DROP TEXT SEARCH DICTIONARY IF EXISTS simple_english_with_stopwords CASCADE;
CREATE TEXT SEARCH DICTIONARY simple_english_with_stopwords (TEMPLATE = pg_catalog.simple);
CREATE TEXT SEARCH CONFIGURATION simple_english_with_stopwords (copy = english);
ALTER TEXT SEARCH CONFIGURATION simple_english_with_stopwords
   ALTER MAPPING FOR asciihword, asciiword, hword, hword_asciipart, hword_part, word
   WITH simple_english_with_stopwords;

which should include not only generic terms but stop words.

Based on that I am expecting that something like:

SELECT to_tsvector('open plan') @@ to_tsquery('off <-> plan');

would return false as off is not in the text. But for some reason it is returning true.

If I run just:

# SELECT to_tsquery('off <-> plan');
 to_tsquery
------------
 'plan'
(1 row)

which explains why the previous expression is returning true. But why the query has removed the off term? Any idea?

1

You have created a new dictionary and such, but you are not using it.

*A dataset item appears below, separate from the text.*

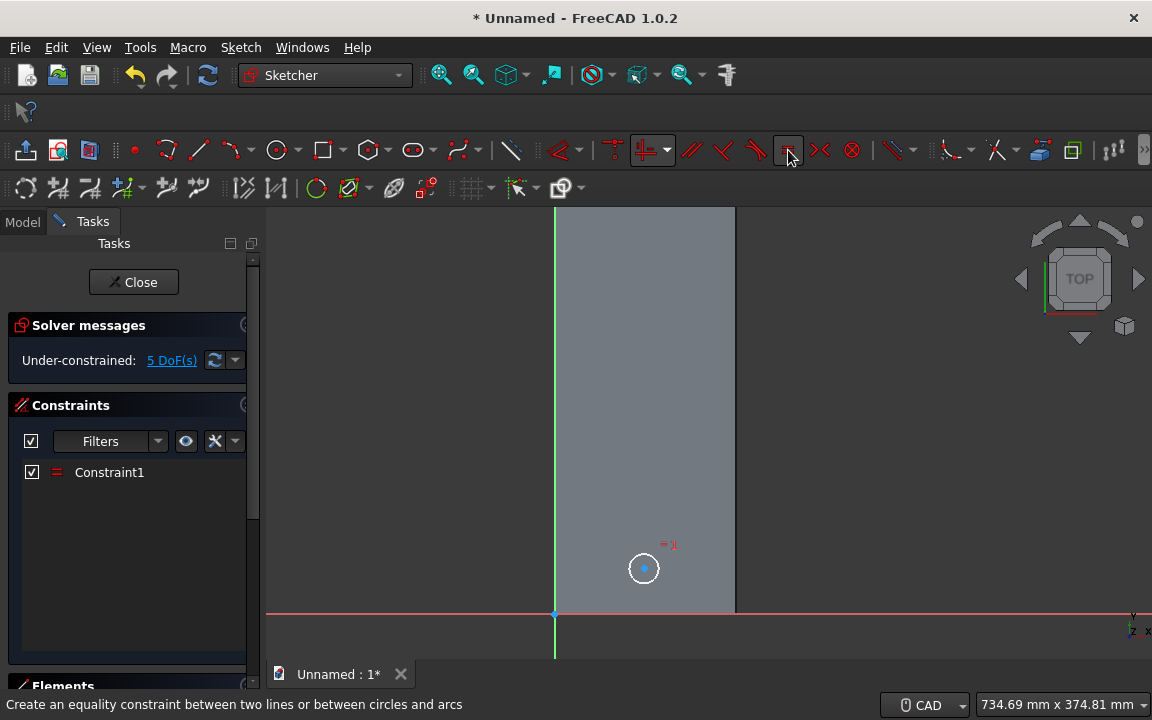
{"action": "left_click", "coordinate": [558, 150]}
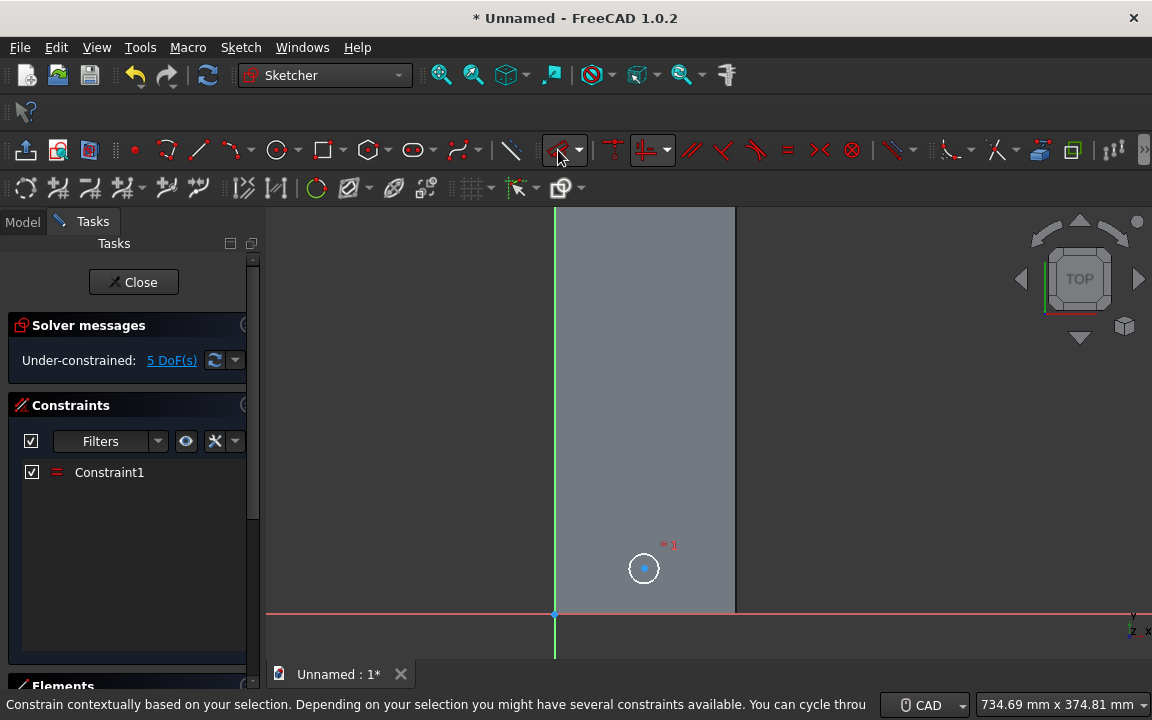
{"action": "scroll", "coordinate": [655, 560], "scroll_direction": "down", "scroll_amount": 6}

SELECT to_tsquery('simple_english_with_stopwords','off <-> plan');
    to_tsquery    
------------------
 'off' <-> 'plan'
(1 row)

Or:

set default_text_search_config TO 'simple_english_with_stopwords';
SELECT to_tsquery('off <-> plan');
    to_tsquery    
------------------
 'off' <-> 'plan'

The first, more verbose, option is better if you want to use FTS indexes, otherwise you run into mutability problems.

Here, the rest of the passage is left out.